Connecticut Light & Power and Greenwich DPW road crews today are trying to reopen the town’s main north-south and east-west routes that are blocked by downed trees and wires.
So far about 5o of the approximately 120 blocked roads have been reopened.
Main north-south streets, such as Round Hill and Riversville roads Lake Avenue and King Street, are still blocked.
There are also a few CL&P crews are working to restore power in town.
If everything goes well, will take several days for all the power is fully restored.
Hurricane Irene did not caused as much damage as the March 2010 nor’easter.
However, town officials say Irene was worse than the nor’easter, because with coastal and overland flooding caused so much damage.
The damage in Greenwich is much less than in other parts of the state.
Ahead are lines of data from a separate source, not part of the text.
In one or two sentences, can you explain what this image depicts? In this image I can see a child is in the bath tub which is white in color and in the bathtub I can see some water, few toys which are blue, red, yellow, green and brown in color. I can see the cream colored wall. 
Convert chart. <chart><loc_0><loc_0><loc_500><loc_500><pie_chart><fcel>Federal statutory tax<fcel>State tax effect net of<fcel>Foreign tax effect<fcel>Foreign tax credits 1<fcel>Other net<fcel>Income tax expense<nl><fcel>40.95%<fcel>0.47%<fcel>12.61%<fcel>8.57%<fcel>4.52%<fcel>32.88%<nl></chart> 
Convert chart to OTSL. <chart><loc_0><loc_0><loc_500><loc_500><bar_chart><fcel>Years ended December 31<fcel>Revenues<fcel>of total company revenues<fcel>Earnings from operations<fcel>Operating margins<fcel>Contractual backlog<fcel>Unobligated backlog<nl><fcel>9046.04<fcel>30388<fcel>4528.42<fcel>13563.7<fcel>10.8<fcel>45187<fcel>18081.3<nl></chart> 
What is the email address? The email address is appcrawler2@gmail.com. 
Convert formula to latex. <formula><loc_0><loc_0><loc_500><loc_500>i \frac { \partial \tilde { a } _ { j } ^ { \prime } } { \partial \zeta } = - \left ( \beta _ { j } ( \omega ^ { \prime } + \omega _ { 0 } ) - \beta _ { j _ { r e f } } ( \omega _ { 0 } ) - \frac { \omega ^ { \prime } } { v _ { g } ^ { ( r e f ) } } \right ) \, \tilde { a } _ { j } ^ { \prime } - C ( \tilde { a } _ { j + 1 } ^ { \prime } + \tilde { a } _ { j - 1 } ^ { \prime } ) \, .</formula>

Currently, 11,800 CL&P customers are in the dark in Greenwich.
Over and over, CL&P has pointed out that Greenwich is better off than the 33 small municipalities in the state of Connecticut that are totally without power.
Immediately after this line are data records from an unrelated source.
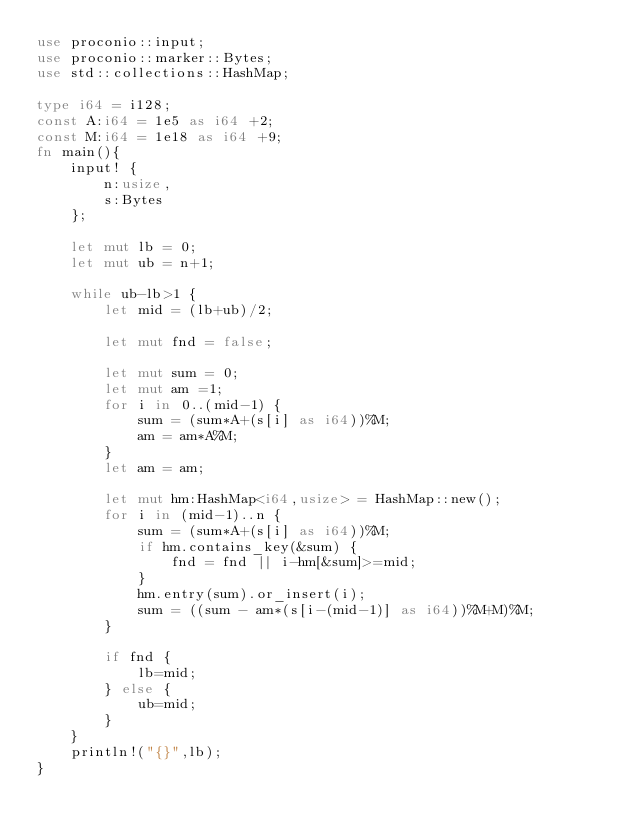Convert code to text. <code><loc_0><loc_0><loc_500><loc_500><_Rust_>use proconio::input;
use proconio::marker::Bytes;
use std::collections::HashMap;

type i64 = i128;
const A:i64 = 1e5 as i64 +2;
const M:i64 = 1e18 as i64 +9;
fn main(){
    input! {
        n:usize,
        s:Bytes
    };
    
    let mut lb = 0;
    let mut ub = n+1;

    while ub-lb>1 {
        let mid = (lb+ub)/2;

        let mut fnd = false;

        let mut sum = 0;
        let mut am =1;
        for i in 0..(mid-1) {
            sum = (sum*A+(s[i] as i64))%M;
            am = am*A%M;
        }
        let am = am;

        let mut hm:HashMap<i64,usize> = HashMap::new();
        for i in (mid-1)..n {
            sum = (sum*A+(s[i] as i64))%M;
            if hm.contains_key(&sum) {
                fnd = fnd || i-hm[&sum]>=mid;
            }
            hm.entry(sum).or_insert(i);
            sum = ((sum - am*(s[i-(mid-1)] as i64))%M+M)%M;
        }

        if fnd {
            lb=mid;
        } else {
            ub=mid;
        }
    }
    println!("{}",lb);
}

</code> 
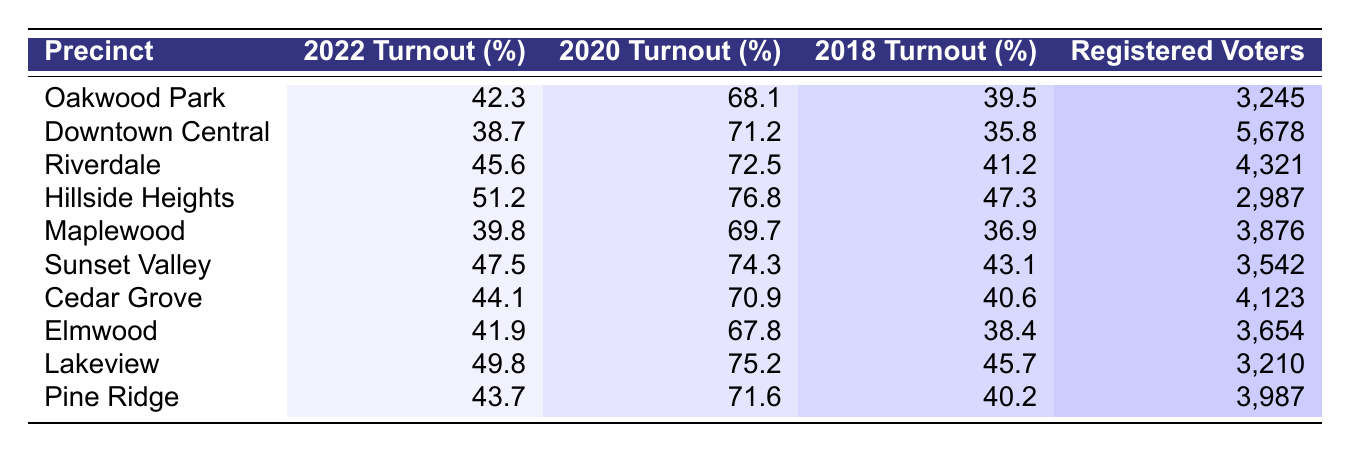What precinct had the highest voter turnout in 2022? By examining the 2022 Turnout (%) column, we find that the highest percentage is 51.2, which corresponds to Hillside Heights.
Answer: Hillside Heights Which precinct had the lowest voter turnout in 2020? Looking at the 2020 Turnout (%) column, Downtown Central has the lowest turnout at 71.2%.
Answer: Downtown Central What is the registered voter count in Sunset Valley? Sunset Valley has 3,542 registered voters, as listed in the Registered Voters column.
Answer: 3,542 What was the turnout difference between 2022 and 2018 for Maplewood? The turnout for Maplewood in 2022 was 39.8%, and in 2018 it was 36.9%. The difference is 39.8 - 36.9 = 2.9%.
Answer: 2.9% What is the average voter turnout for all precincts in 2022? The 2022 Turnout values (42.3, 38.7, 45.6, 51.2, 39.8, 47.5, 44.1, 41.9, 49.8, 43.7) sum to 438.6. Dividing this by the number of precincts (10) gives an average of 43.86%.
Answer: 43.86% Did any precinct have a turnout of over 50% in 2022? From the 2022 Turnout (%) column, Hillside Heights (51.2%) and Lakeview (49.8%) show that there is one precinct (Hillside Heights) with turnout over 50%.
Answer: Yes Which precinct had a higher turnout in 2020, Riverdale or Cedar Grove? Riverdale had a turnout of 72.5% in 2020, while Cedar Grove had 70.9%; therefore, Riverdale had the higher turnout.
Answer: Riverdale What is the difference in registered voters between the precincts with the highest and lowest 2022 turnout? Hillside Heights has 2,987 registered voters (highest 2022 turnout) and Downtown Central has 5,678 (lowest 2022 turnout). The difference is 5,678 - 2,987 = 2,691.
Answer: 2,691 Which precinct had the highest increase in turnout from 2018 to 2020? We calculate the increase for each precinct: Oakwood Park (68.1 - 39.5 = 28.6), Downtown Central (71.2 - 35.8 = 35.4), Riverdale (72.5 - 41.2 = 31.3), etc. Downtown Central had the highest increase of 35.4%.
Answer: Downtown Central Was the 2022 turnout higher than 2020 in any precinct? By comparing the 2022 turnout percentages with the 2020 turnout percentages for all precincts, we find that all precincts had lower 2022 turnout than 2020.
Answer: No

CL&P has brought in crews from other states to help in the recovery effort, and they are staying at the Hyatt Regency in Old Greenwich.
There are about about 75 workers – based at the Hyatt, but they are also working in other cities and towns, such as New Milford and Newtown.
There are about 20 crews on the streets of Greenwich during the day. The majority of these crews are paired with Greenwich DPW crews that are clearing roads in town. These crews are working in 16 Hour shifts.